For instance, this will not compile becuse there are no valid conversions that could give notgood a type:

int main()
{
     decltype(true ? "hello" : 123.4) notgood;
}

while this will compile, and run, and be well-defined, because the invalid dereference is never evaluated:

int main()
{
    decltype(*(int*)0 + 1)` x = 0;
    return x;
}

Because the type returned by a ternary operator is decided according the types of the second and third arguments, not according the value of the first.

You can verify this with the following code

#include <type_traits>

int main ()
 {
   auto x = true ? 1 : 2l;

   static_assert( std::is_same<decltype(x), long>::value, "!" );
 }

Isn't important that true ? 1 : 2l return ever 1; the ternary operator return a common type between 1 (int) and 2l (long). That is long.

In other words: there isn't (at the moment) a constexpr ternary operator.

The rules for determining the type of a conditional expression are described here.

As the others have already said, the key is to realize that the expression

E1 ? E2 : E3

taken as a whole is an expression, and an expression has a single type (and value category) determined at compile time. It can't change type depending on which path is taken, because in general that isn't known until runtime.

So, the rules are pretty extensive. Skipping the void and bit-field special cases, it works something like this:

1. If either E2 or E3 has type void ... assume they don't.
2. Otherwise, if E2 or E3 are glvalue bit-fields ... assume they aren't.

3. Otherwise, if E2 and E3 have different types, at least one of which is a (possibly cv-qualified) class type ...

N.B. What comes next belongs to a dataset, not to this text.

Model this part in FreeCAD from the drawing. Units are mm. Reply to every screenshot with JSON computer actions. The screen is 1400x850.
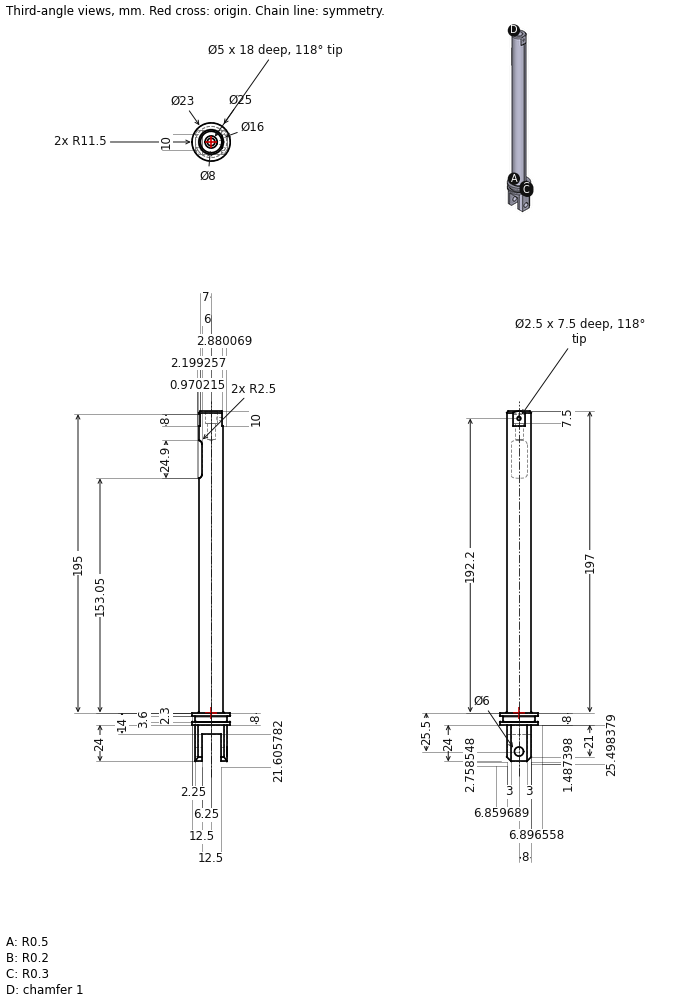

   OK, this one might be true. We don't yet know the types of E1 and E2, but it's certainly plausible.

   If this case applies, there's a whole list of steps it must follow, and if it succeeds then it figured out either how to implicitly convert E1 to E2, or E2 to E1. Whichever, we pick up at the next step with two subexpressions of the same type.

4. If E2 and E3 are glvalues of the same type and the same value category, then the result has the same type and value category

   That is, if our original T1 and T2 are the same, then the type of the expression is just that. This is the simplest case.

   If they're different types but the compiler figured out an implicit conversion in step 3 above, we're looking at either (T1,T1) or (T2,T2) and the same applies.

5. Otherwise, the result is a prvalue [roughly - anonymous temporary]. If E2 and E3 do not have the same type, and either has (possibly cv-qualified) class type, overload resolution is performed using the built-in candidates below to attempt to convert the operands to built-in types ... the converted operands are used in place of the original operands for step 6

   Maybe they're classes with conversion operators like operator bool - then we haven't found another answer, so we'll do the conversion to bool and keep going.

6. The lvalue-to-rvalue, array-to-pointer, and function-to-pointer conversions are applied to the second and third operands

   These are a bunch of standard implicit conversions just to make both sides as similar as possible.

   Then,

   1. If both E2 and E3 now have the same type, the result is a prvalue of that type

      We managed to massage both sides to have the same type, hooray!

   2. If both E2 and E3 have arithmetic or enumeration type: the usual arithmetic conversions are applied to bring them to common type, and that type is the result

      The usual arithmetic conversions are what allow you to add, say, and int and a double and get some result. This will work the same way.

   3. etc. etc.